The primary function of the exsim-main-loop is to update an incremental SAT instance([1]) such that the clauses in the SAT instance correspond to a check of :fail signals at certain clock cycles having the value of 1 relative to certain values of :free inputs on previous clock cycles. The main-loop iterates through a sequence of operations primarily comprised of :step-fail, :step-free, and :check-fails which respectively add clauses to SAT for the :fail at the next clock cycle, add unit clauses to SAT corresponding to an assignment to :free variables on an earlier clock cycle, and calling the SAT solver to check if any of the :fail signals could be 1 in the current context. The ``compiled'' AIGNET from exsim-prep allows for an efficient implementation of :step-free and :step-fail for larger designs.

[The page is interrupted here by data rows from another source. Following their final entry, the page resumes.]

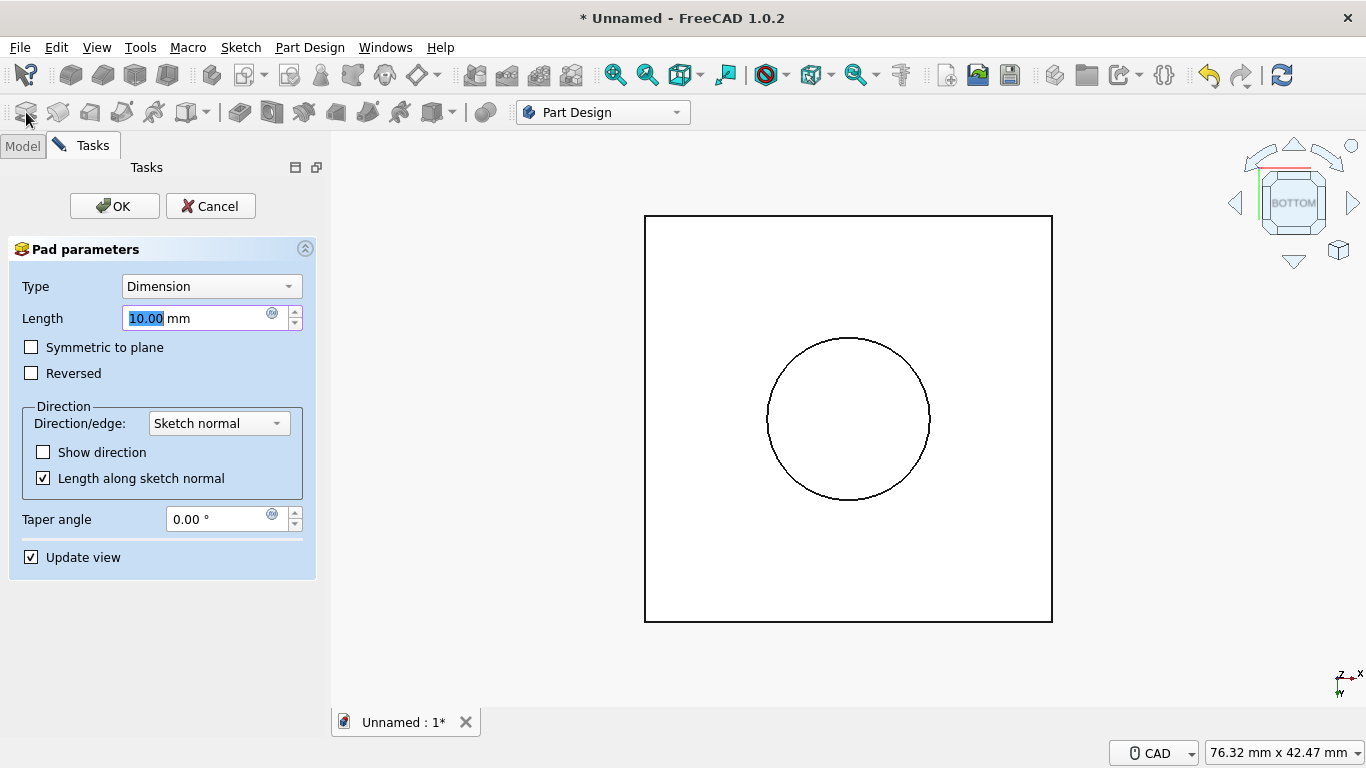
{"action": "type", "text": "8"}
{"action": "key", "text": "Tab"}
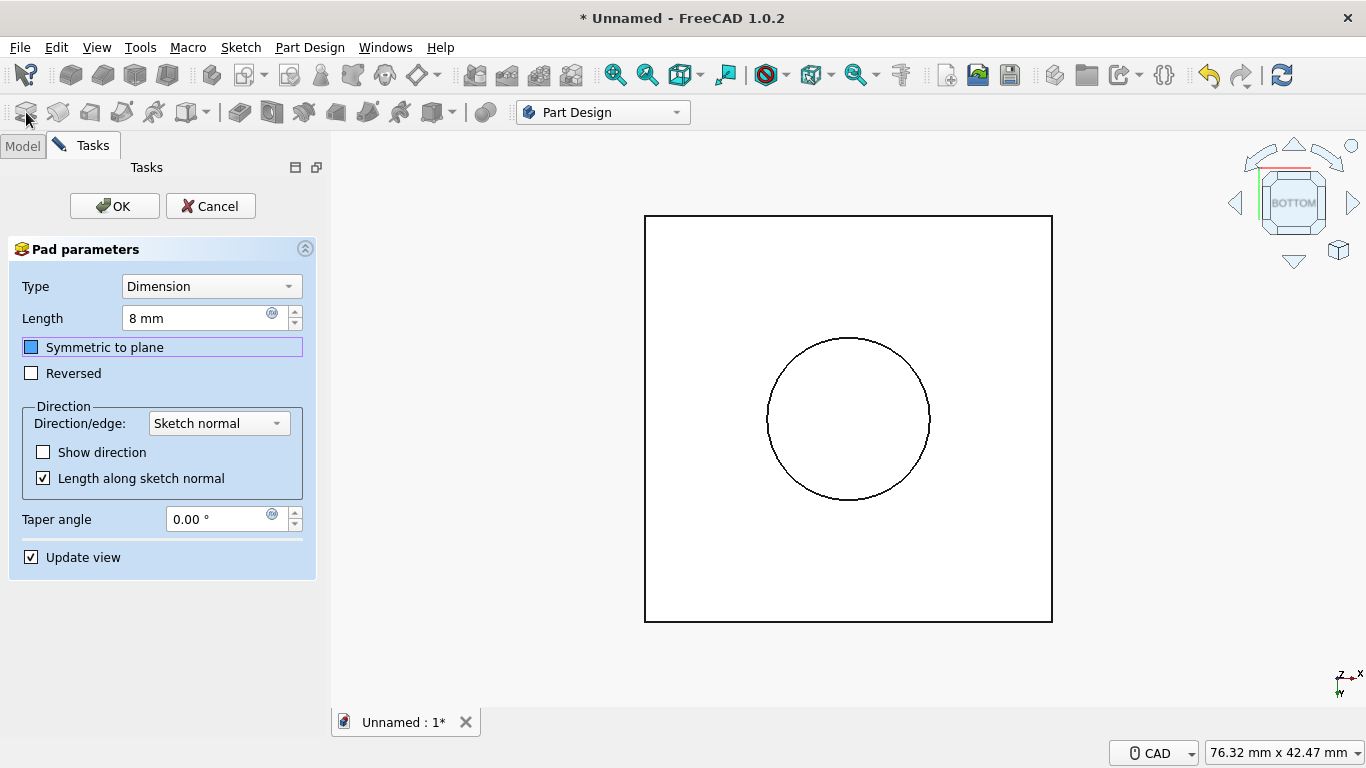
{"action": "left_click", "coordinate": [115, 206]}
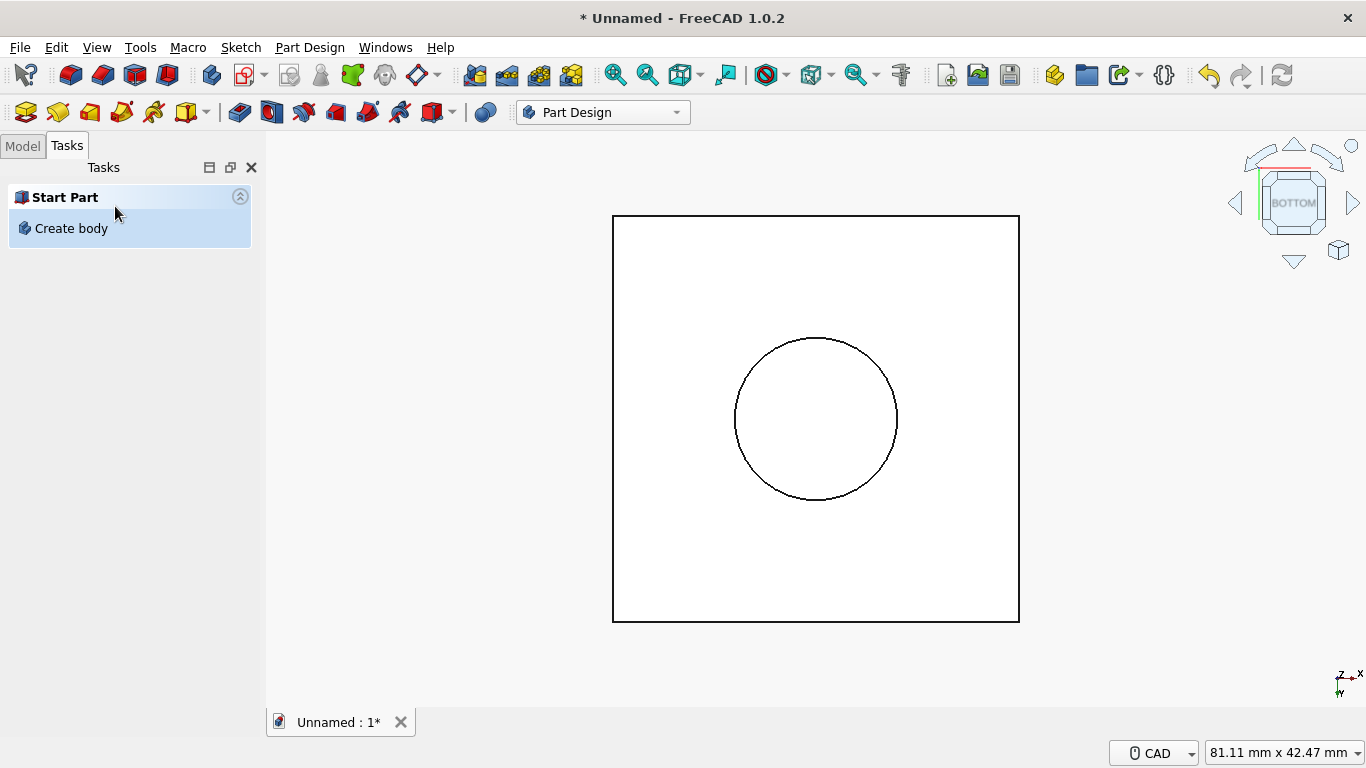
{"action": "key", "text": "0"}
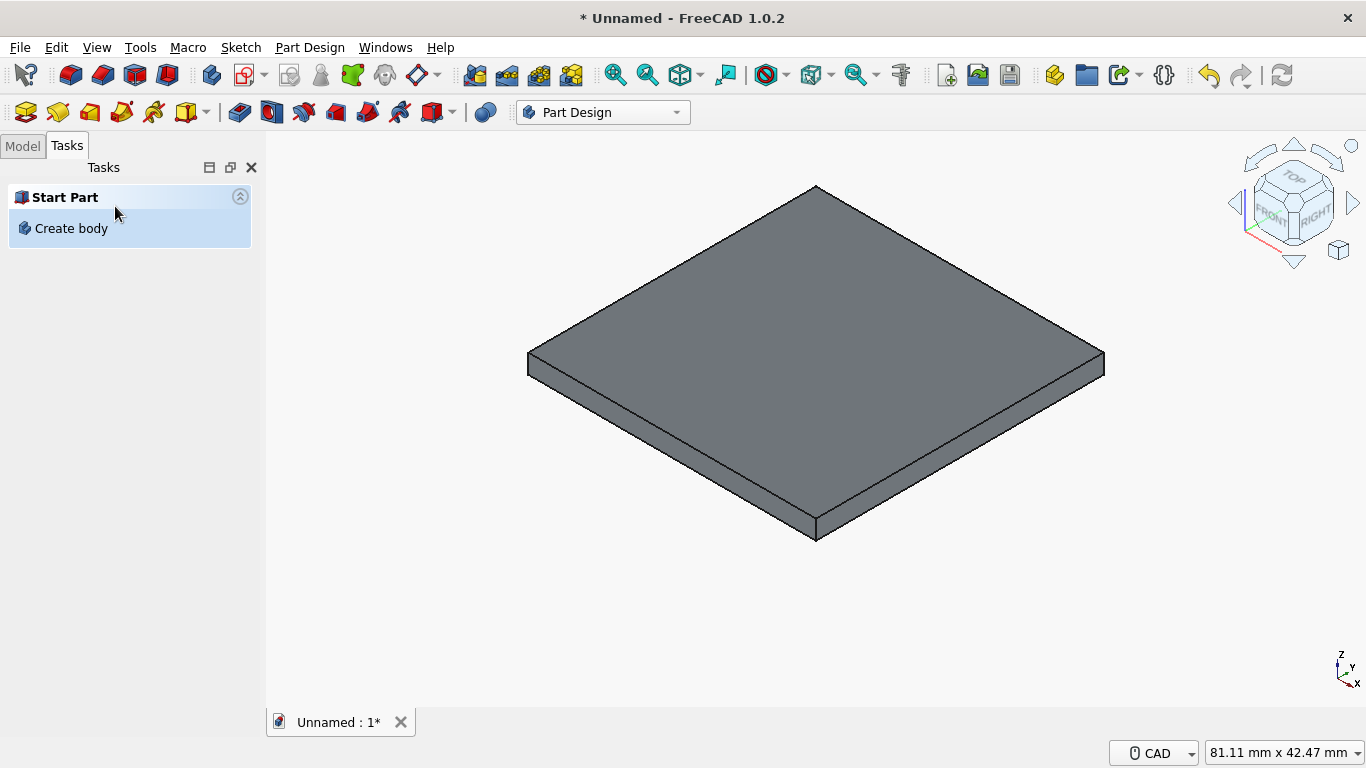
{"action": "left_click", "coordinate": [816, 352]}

The choice of which step to take is heuristic and depends primarily on the current number of clauses in the database. In particular, :step-fail will add clauses to SAT while :step-free will reduce clauses in SAT and heuristics will choose when to perform each action depending on how extensively the user wishes to search for fails in a given instance. The default heuristic choice function (as well as several other functions defining default operation) can be overridden using ACL2's defattach feature([8]).

Returning to our simple toy example from Figure 1. Let's assume that the input wave_op gets a value of 1 at every clock cycle from the input waves. After a sufficient number of :step-fails, this would reduce the check of fail_out being 1 to free_in having at least a single 1 in each bit position over 2 consecutive clocks, 3 clocks earlier.

The intent of the exsim toolkit is to provide the user the capability to control the SAT checks that are performed to optimize effective search capacity over runtime. This is primarily achieved by allowing the user to carefully specify which input variables should be :free (which reduces potential decision space during SAT along with increasing propagations) and when to either extend or reduce the current set of SAT clauses by inspecting the current number of active clauses. The additional benefit of incremental SAT is that the aggregate cost of successive searches is reduced by the sharing of learned reductions.

The exsim toolkit is a work in progress. Current development efforts afford better control over bindings of free variables and more intermediate targets for search (not just :fail signals). Related to these efforts, an earlier proof of ``correctness'' needs to be reworked to keep apace with the design changes. As a note on this ``proof'', the goal is to ensure that each :check-fails which returns UNSAT ensures no possible assignment for the free variables in the scope of the current check. This reduces to proving an invariant relating the current SAT clauses with the values of signals at certain clock cycles.